Di AS Fima mendalami tanaman obat di Washington State University di Pullman. Yakni kota sangat kecil di perbatasan antara negara bagian Washington dan Idaho. Yang alamnya begitu indah. Yang saya dua kali berkendara melewati kawasan ini.
Enam tahun Fima di Pullman. Tapi tetap saja cinta mati ke NTT. Dari Pullman, Fima pulang ke NTT –setelah mampir 9 bulan di ITB untuk mengambil post doctoral.
Di Kupang Fima bergabung ke Forum Academia NTT –disingkat FAN. Resminya FAN inilah yang memperjuangkan perlunya mass pool test Covid-19 di NTT.
Tapi ya itu tadi. Fima harus lebih sabar. Sampai sekarang idenyi itu masih di tengah jalan. Energinyi terlalu banyak untuk berhubungan dengan birokrasi.
Tapi Fima juga tidak putus asa. Cintanyi pada NTT tidak akan ambyar oleh kesulitan apa pun.
FAN sudah mendapatkan 29 anak muda yang akan menjalankan pool test itu nanti. Merekalah yang lolos dari lebih 70 orang yang melamar.
Senin hari ini mereka itu mulai melakukan pelatihan. Artinya, ada hope untuk pada saatnya nanti terlaksana.
Fima juga sudah mendapatkan peralatan PCR. Bahkan dua buah. Yakni meminjam milik Universitas Nusa Cendana dan milik RSUD Prof. Dr. WZ Johannes. Dua alat itu selama ini tidak banyak dipakai.
Hanya saja belum ada ruang untuk lab PCR itu. Pun sampai hari ini. Padahal ia perlu pula ruang yang bertekanan negatif.
Tiga minggu lalu Fima dan tim FAN menghadap Gubernur NTT. Mereka menghadap lagi Rabu lalu. Gubernur, kata Fima, menyanggupi untuk membangun ruang lab itu.
Tentu Fima masih harus bersabar sampai ruang itu tersedia.
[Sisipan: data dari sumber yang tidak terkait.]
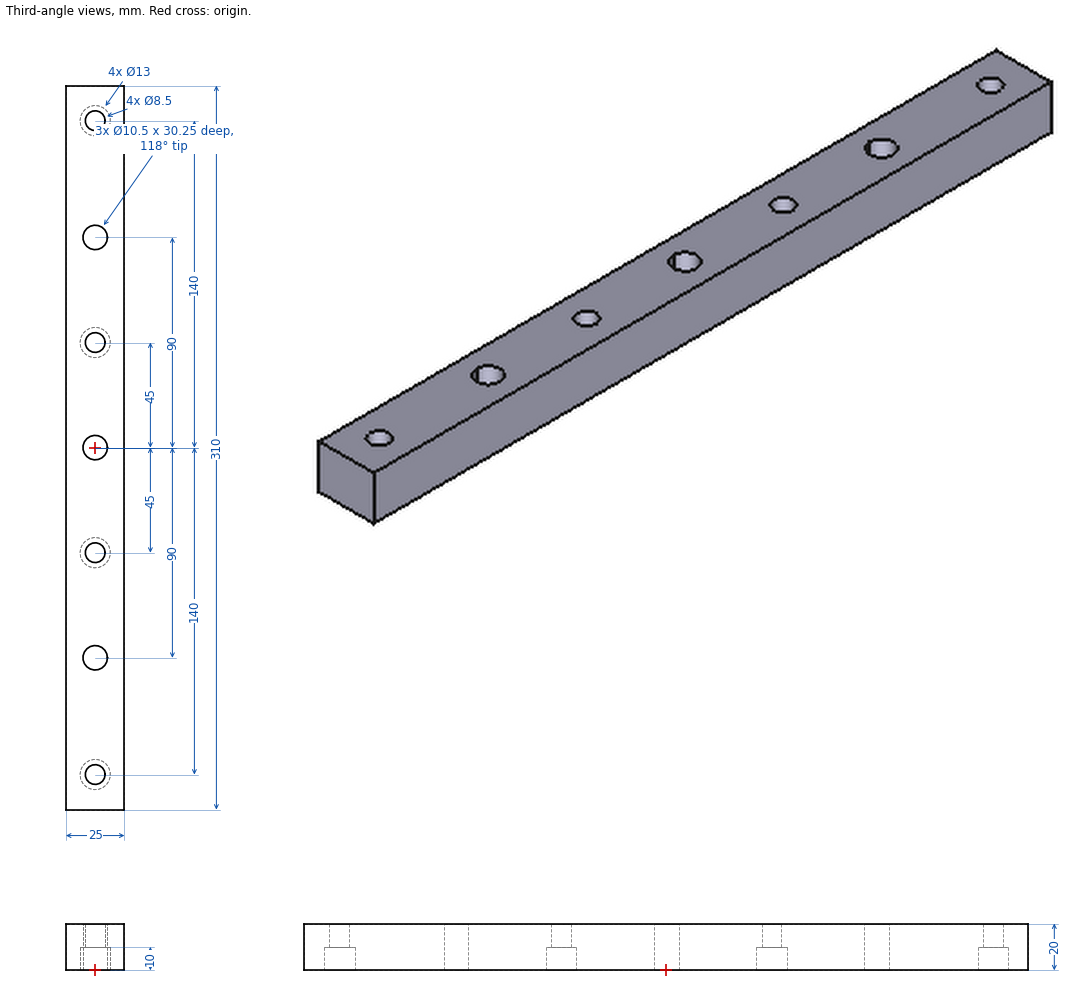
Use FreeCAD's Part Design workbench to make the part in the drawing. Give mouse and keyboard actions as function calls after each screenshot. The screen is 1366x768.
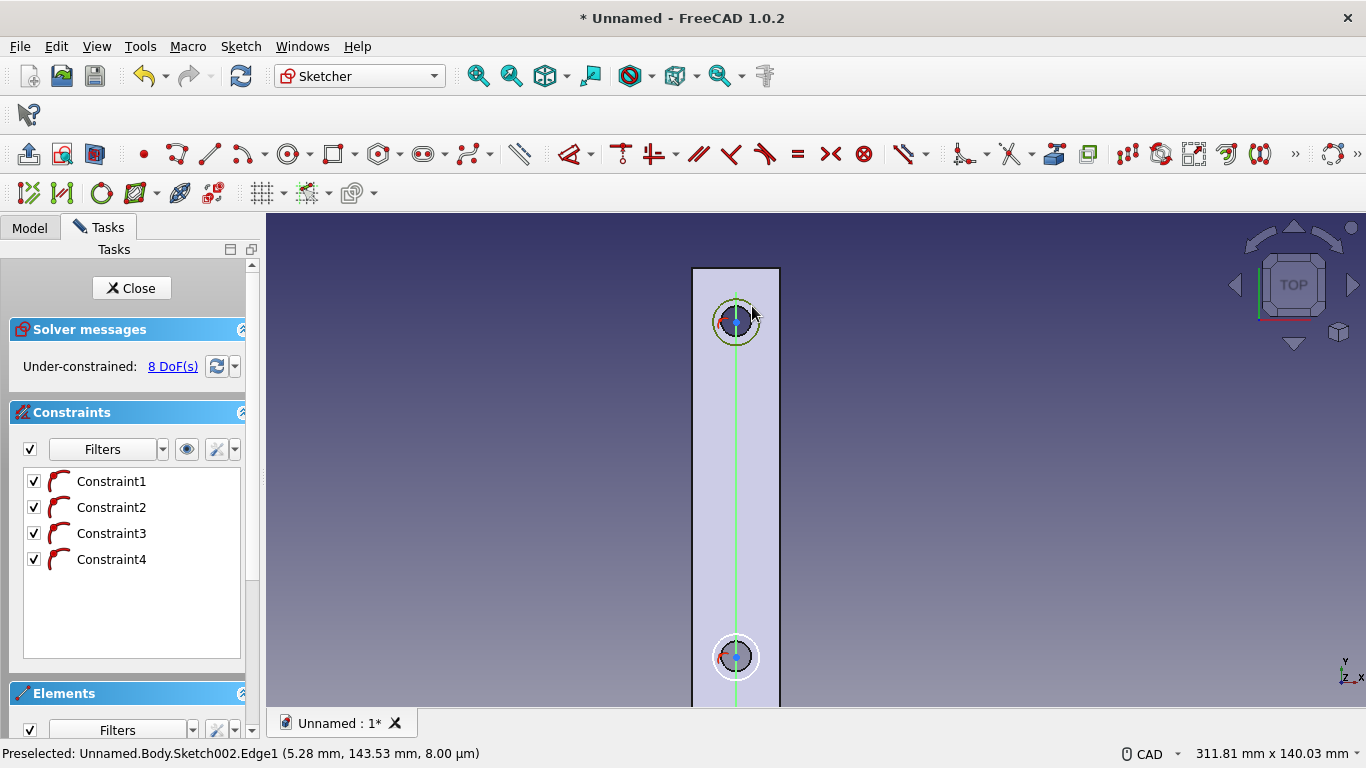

Walhasil, dari tiga orang pemilik ide itu baru dr Andani yang sudah benar-benar melaksanakannya. Di lab milik Universitas Andalas
Padang. Yang dulunya hanya mampu mengetes 200 orang/hari kini bisa 1.570 orang/hari (DI’s Way: Nangis Tes).
Bahkan dari pengalaman riel di lapangan itu dr Andani punya kesimpulan penting: pool test paling efisien dan efektif adalah 5 sampel menjadi 1 tabung.